On Mon, Oct 15, 2012 at 1:42 PM, Matthew Rocklin <[email protected]> wrote:
>
>
> On Mon, Oct 15, 2012 at 2:16 PM, Julien Rioux <[email protected]>
> wrote:
>>
>> Hi,
>>
>> I certainly think I should be able to simplify(m) for m a matrix type. As
>> I use sympy I expect that all objects interact together naturally. I should
>> be able to combine objects (as long as they make mathematical sense) and be
>> able to use the same functions on all objects.
>
> This is a good ideal. Unfortunately most of the Expr code was written to
> only work with scalars. I.e. people often use 0 when they mean "additive
> identity" (I use this example a lot, please forgive me). I don't think that
> incremental bug fixes will solve this problem.
>
>> It used to be that simplify wasn't built to deal very well with
>> noncommutative symbols, so e.g. simplify(A*B - B*A) would return 0. Those
>> were considered bugs and were eventually fixed. I think the same approach
>> should be taken about simplifying matrices, any issue should be considered a
>> bug and fixed.
>>
>> I stopped using Matrix and have since used ImmutableMatrix because I could
>> use most regular sympy functions on it. By the way, I wish I could do
>> factor(m), too. Although it doesn't do anything useful at the moment, we
>> should improve upon it.
>
> I think that the easiest way to improve upon it is to have factor call
> ImmutableMatrix._factor. Trying to make one giant function to do factoring
> for all classes sounds difficult to me. It's hard to write a single function
> that factors all sorts of things.
>
>> I think the inheritance on Expr ensures that a lot of functions such as
>> simplify will work (possibly for free) or at least they won't error out.
>
> This is not my experience. It is very easy to stress the system and get into
> very weird states; or at least it was until I monkey patched some things.
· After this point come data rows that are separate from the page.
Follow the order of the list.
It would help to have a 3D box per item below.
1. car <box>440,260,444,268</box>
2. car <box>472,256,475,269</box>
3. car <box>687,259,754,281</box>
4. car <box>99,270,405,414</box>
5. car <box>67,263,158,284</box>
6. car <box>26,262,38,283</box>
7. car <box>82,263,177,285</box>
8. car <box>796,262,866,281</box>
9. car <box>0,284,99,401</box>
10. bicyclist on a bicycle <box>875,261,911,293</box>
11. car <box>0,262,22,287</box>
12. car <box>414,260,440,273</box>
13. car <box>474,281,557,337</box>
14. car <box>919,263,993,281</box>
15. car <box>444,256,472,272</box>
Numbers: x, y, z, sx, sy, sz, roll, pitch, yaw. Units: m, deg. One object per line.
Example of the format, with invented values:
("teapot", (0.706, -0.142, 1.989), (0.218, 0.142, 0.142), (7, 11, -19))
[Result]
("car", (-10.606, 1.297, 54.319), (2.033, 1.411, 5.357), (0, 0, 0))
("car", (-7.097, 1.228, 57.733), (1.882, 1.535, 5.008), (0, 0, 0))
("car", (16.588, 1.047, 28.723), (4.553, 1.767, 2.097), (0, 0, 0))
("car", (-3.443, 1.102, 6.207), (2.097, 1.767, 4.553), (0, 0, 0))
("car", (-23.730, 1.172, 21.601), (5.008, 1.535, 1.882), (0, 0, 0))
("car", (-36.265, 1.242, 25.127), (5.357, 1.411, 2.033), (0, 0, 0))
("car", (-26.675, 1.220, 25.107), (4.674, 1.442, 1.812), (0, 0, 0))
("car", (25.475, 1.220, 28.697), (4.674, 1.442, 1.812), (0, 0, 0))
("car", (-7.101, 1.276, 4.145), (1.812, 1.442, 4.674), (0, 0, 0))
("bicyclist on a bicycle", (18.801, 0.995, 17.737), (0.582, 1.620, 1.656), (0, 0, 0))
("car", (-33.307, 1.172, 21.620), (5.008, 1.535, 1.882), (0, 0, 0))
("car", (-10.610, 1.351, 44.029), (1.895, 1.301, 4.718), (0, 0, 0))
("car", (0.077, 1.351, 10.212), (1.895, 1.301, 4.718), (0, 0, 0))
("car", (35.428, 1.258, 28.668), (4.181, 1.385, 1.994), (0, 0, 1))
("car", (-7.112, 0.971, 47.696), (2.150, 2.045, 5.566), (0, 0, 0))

> Now it is only moderately easy :) In these cases I would rather error out at
> a higher level than at a very low level. My experience is that the
> MatrixExpr(Expr) inheritance is very hard to reason about and has high
> potential for bugs. I've duct-taped things together so that they appear to
> usually work. It's very hard to develop new functionality with this though.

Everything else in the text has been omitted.